Each native node can deploy one or more functionalities, depending on
its resources and the authorization within the overlay, but the placement
of nodes facilitates some functionalities better than others.
Operation

- Packet Stamping. DefCOM uses packet stamping to prioritize
traffic and to ensure safe delivery of legitimate traffic to a victim
of a flooding attack. Every node has a legitimate and a suspicious stamp,
which is a number to be placed in a packet's IP header. The node
communicates these stamps to all its peers over the secure channel.
All node's peers must choose locally unique stamps so that no
two peers of a given node have the same stamp.
During an attack, every packet that goes to the victim is intercepted
by a DefCOM node and stamped with a legitimate or suspicious stamp (according
to traffic classification rules in Section 2.4), or it is dropped due
to rate limiting. The stamp is placed in the ID field of the IPv4 header
(IPID field), which is normally used for fragmented packet identification.
While it is undesirable to compromise reassembly of fragmented packets,
the damage from this will be minimal for these reasons: (1) fragmented
packets represent a very small portion (0.25%) of the Internet's
traffic as discussed in [4], and (2) DefCOM
only stamps traffic going to the victim during the attack, so the unwanted
fragmented traffic loss is limited only to the victim
- Alarm propagation. The native node of alert generator
detects the attack. The alert generator generates an alarm message (ALRM)
containing the victim's IP address and resource limits (denoted by RLM).The
alarm message is flooded to all DefCOM nodes in a controlled manner
to avoid large message duplication. The alert generator sends ALRM message
to all its peers in a control manner. When a DefCOM node receives an
ALRM for the first time, it starts monitoring and policing traffic according
to its functionality (classifier or rate-limiter). We say that this
DefCOM node is now active. Only traffic going to the victim will be
policed and all other traffic is not affected by DefCOM.
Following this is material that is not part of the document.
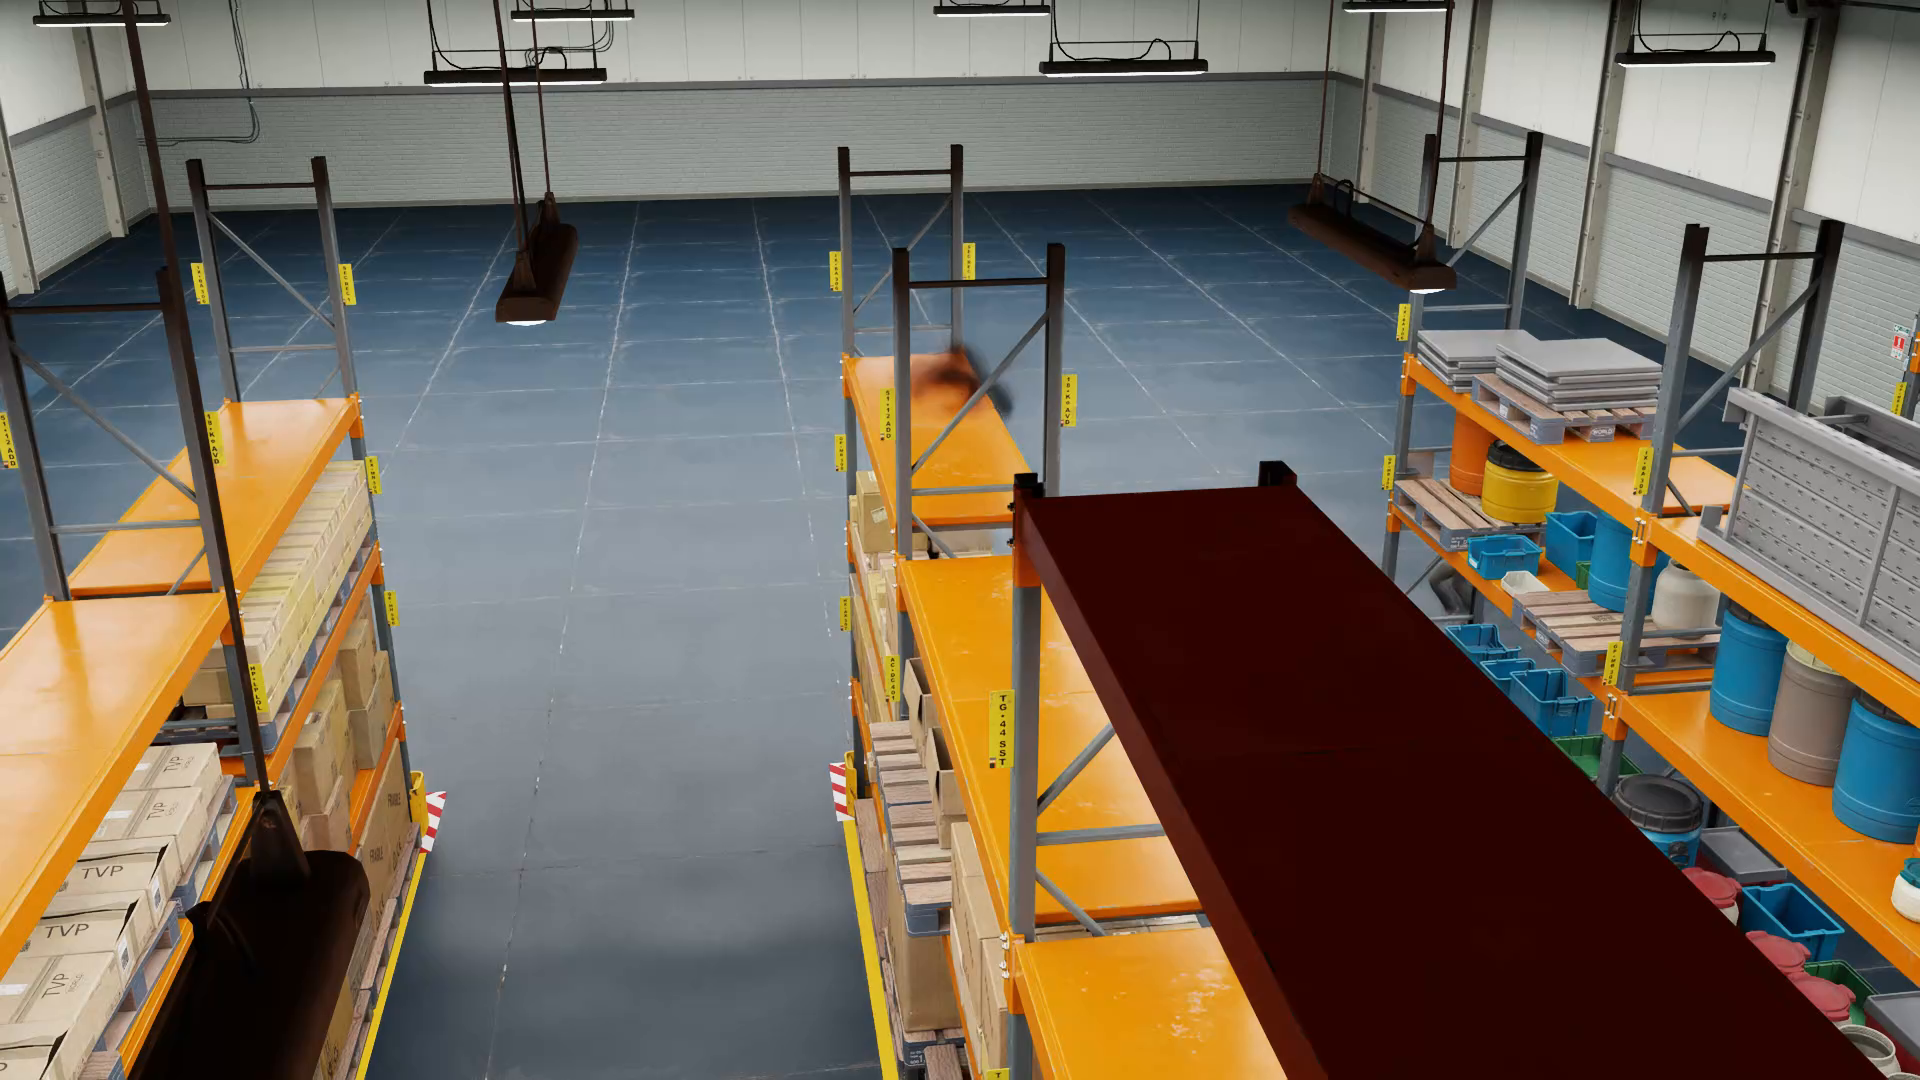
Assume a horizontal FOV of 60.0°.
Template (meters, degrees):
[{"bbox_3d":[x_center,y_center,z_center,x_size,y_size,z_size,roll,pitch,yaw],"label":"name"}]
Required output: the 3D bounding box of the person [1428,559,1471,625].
[{"bbox_3d":[5.683,0.204,18.934,0.656,1.651,0.581,8,23,20],"label":"person"}]

- Traffic tree construction. Every active DefCOM node
stamps packets it forwards to the victim with its legitimate or suspicious
stamp. A node that observes traffic stamped with its peer's stamp designates
this peer as a “child” and informs it through a PARENT message
that it has acquired a parent. A node that receives a PARENT message
designates its originator as a “parent”. Parent-child relationships
are recorded in the PeerTable.
- Traffic policing. Excess traffic to the victim is
shaped and controlled by rate-limiter nodes that learn the victim's
resource limits (RLM) from alarm messages and enforce them. A rate-limiter
reclassifies each packet based on its incoming stamp and the perceived
aggressiveness of the DefCOM child who forwarded it using the following
approach:
- If this child sends traffic (with any stamp) that exceeds RLM
in last T seconds, it will be considered aggressive and all its
packets will be reclassified as unstamped during the current second.
Note that this can only happen if the child is malicious, since
every DefCOM node applies rate limiting to traffic going to the
victim and should send below RLM. Otherwise, legitimate and suspicious
classifications are preserved.
- If the total unstamped traffic does not exceed RLM in last Tseconds,
it will be considered nonaggressive and reclassified as suspicious.
Otherwise DefCOM preserves the unstamped classification.
After reclassification, packets are either marked with the legitimate
or suspicious stamp, or their stamp is removed, and they are passed
to the native node. The native node should drop unstamped traffic and
apply weighted fair sharing to prioritize marked-legitimate over marked-suspicious
traffic.
- End of attack detection. Each node detects the end
of the attack locally when it drops no traffic
due to rate limiting in the last Tend seconds. Global end
of the attack is detected when all DefCOM nodes have detected the end
of the attack locally. An active node which drops any traffic during
the last Tend seconds generates an ATTCKCONT message and
floods it in the overlay. A node that receives an ATTCKCONT message
suppresses it if it has itself generated a similar message in the last
Tend . This optimization prevents a flood of ATTCKCONT messages
in the overlay. Nodes that have detected the local end of the attack
stop generating ATTCKCONT messages but still forward these messages
sent by other nodes. Global end of the attack is detected when a node
does not receive or generate an ATTCKCONT message in the last Tend
seconds.
References
1. X. Yang, D. Wetherall, and T. Anderson. “A DoS-limiting network
architecture,” In Proceedings of ACM SIGCOMM 2005.
2. J. Mirkovic, G. Prier, and P. Reiher, ”Attacking DDoS at the
Source”, in Proceedings of the ICNP 2002, November 2002.
3. I. Stoica, S. Shenker, and H. Zhang, ”Core-stateless fair queueing:
Achieving approximately fair bandwidth allocations in high speed networks”,
Carnegie Mellon Univ., Pittsburgh, PA, Tech. Rep. CMUCS- 98-136, 1998.